Usually, if you train a model, you will use your own training data. This data is often changed more often than the model itself - it wouldn't be comfortable if you'd have to transfer the entire dataset each time you want to retrain a model, and that's why Iskra provides a special toolkit for datasets. It works for typical scenarios, such as:
- changing the dataset in the development process in order to increase its quality
- programmatic updating of a dataset in order to retrain the model with updated values
- providing different datasets to the same model
- training different models with the same datasets
Workflow with Datasets
Let's say you run a training job on Iskra
iskra train your_script.py
By default, if you run a training job this way, we will simply upload all the working directory to the training machine and execute the script. This works smoothly for smaller amounts of data, but if you want to train something bigger, or more than once, most likely you want to avoid reuploading of the data.

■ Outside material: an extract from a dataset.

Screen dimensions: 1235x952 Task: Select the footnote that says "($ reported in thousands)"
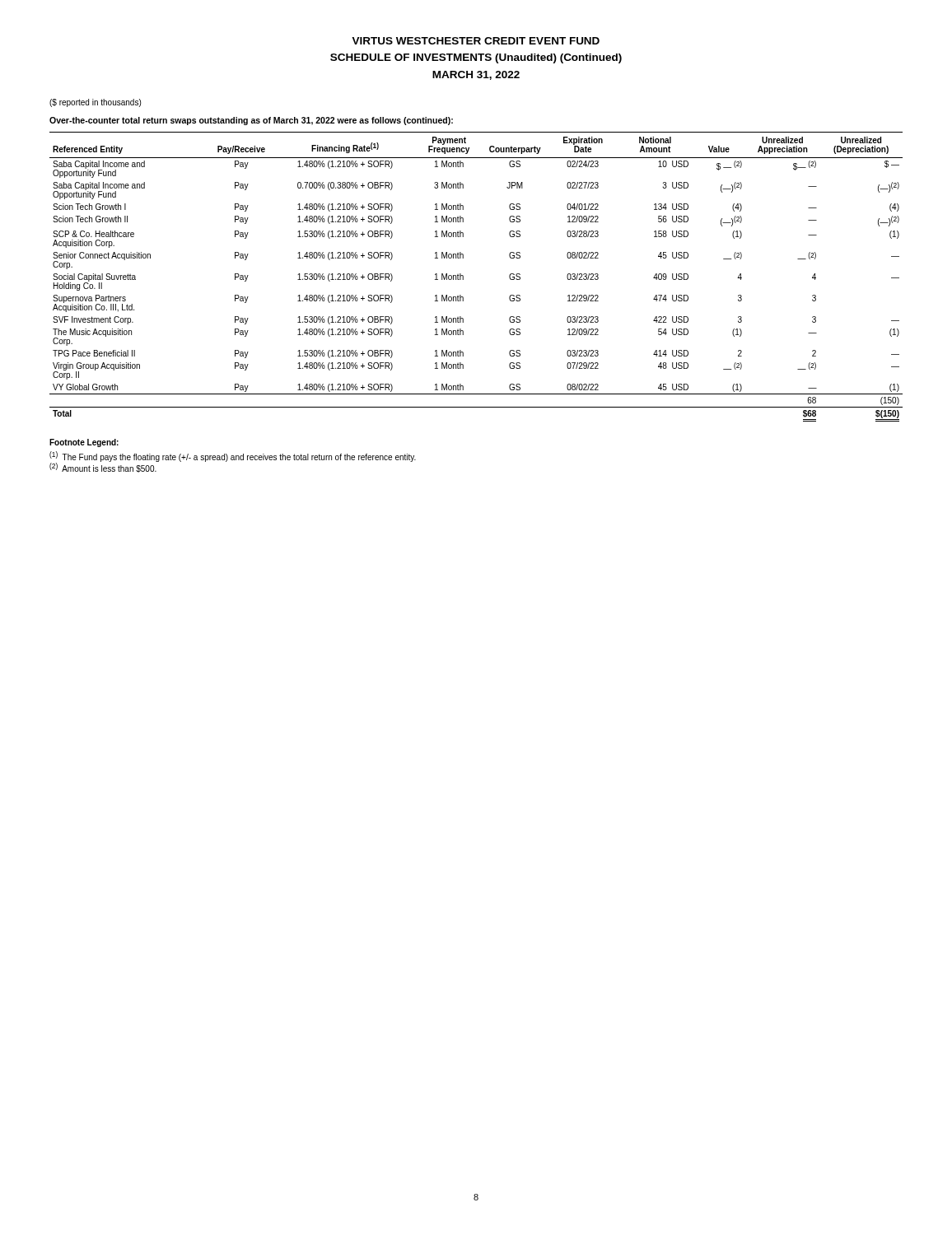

For this, you can easily create a dataset, which is nothing else than a folder stored in our system that can be later attached to any training job.
Enter the folder you want to upload to our infrastructure
iskra dataset create <name>
This will automatically assign the current working directory to a remote dataset in Iskra and upload all of its contents. It will create a
.iskra.json file inside of the local directory which will contain the Dataset id for future sychronisations.
Once your dataset is uploaded, you can create a training job that will be able to read from a dataset of your choice.
iskra dataset ls images (084b430c-2e7f-4d61-b5db-35b2a6d22824) frames (f861c7c6-90cd-4f20-ba76-2b5a93e74580)
In this example scenario, the command above listed two datasets that were uploaded to Iskra -
framges. To run create a training job that makes the
frames (f861c7c6-90cd-4f20-ba76-2b5a93e74580) dataset available in
frames directory of the training job, run:
iskra train -v=f861c7c6-90cd-4f20-ba76-2b5a93e74580:frames your_script.py
Updating a Dataset
If your dataset changes locally, you can synchronize its content contents by running
iskra dataset sync
This depends on presence of
.iskra.json file inside of current working directory.